_TASK STATEMENT_: Search the data for the string "degrees" and copy each line where it turns up.

####################

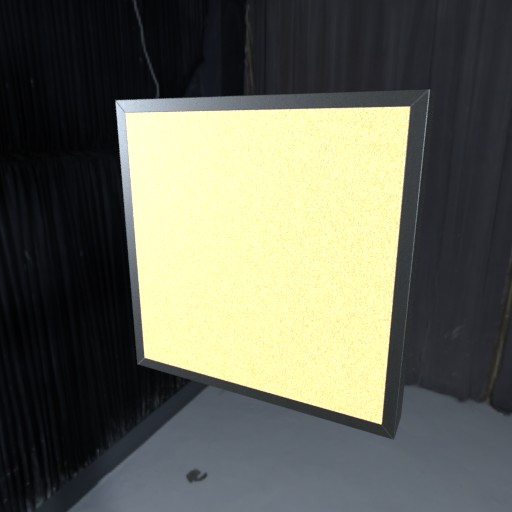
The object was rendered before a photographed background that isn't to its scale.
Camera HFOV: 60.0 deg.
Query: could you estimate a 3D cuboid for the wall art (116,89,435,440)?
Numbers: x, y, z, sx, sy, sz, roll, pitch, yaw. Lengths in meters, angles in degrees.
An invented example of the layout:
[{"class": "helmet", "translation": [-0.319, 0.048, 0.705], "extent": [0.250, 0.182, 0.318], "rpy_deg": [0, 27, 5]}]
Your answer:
[{"class": "wall art", "translation": [0.000, 0.000, 0.448], "extent": [0.304, 0.304, 0.038], "rpy_deg": [8, 18, 26]}]
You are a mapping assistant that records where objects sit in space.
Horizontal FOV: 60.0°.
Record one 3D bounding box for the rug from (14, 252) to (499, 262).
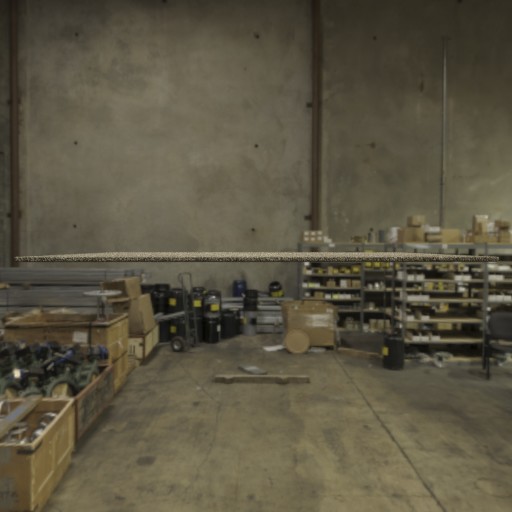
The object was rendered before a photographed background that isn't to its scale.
[{"bbox_3d":[0.000,0.000,2.882,2.350,0.025,1.502,0,1,-1],"label":"rug"}]
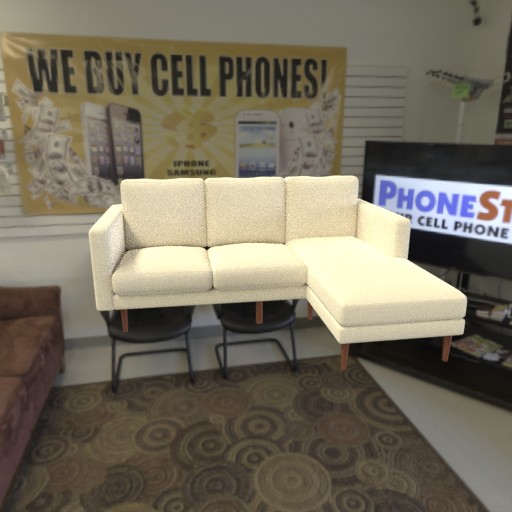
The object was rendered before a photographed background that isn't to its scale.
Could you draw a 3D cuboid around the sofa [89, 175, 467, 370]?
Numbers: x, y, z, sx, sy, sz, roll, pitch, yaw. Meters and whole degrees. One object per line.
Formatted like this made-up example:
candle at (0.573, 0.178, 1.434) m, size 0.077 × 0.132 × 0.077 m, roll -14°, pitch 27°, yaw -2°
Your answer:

####################

_WRITTEN REPLY_:
Numbers: x, y, z, sx, sy, sz, roll, pitch, yaw. Lengths in meters, angles in degrees.
Numbers: x, y, z, sx, sy, sz, roll, pitch, yaw. Meters and whole degrees. One object per line.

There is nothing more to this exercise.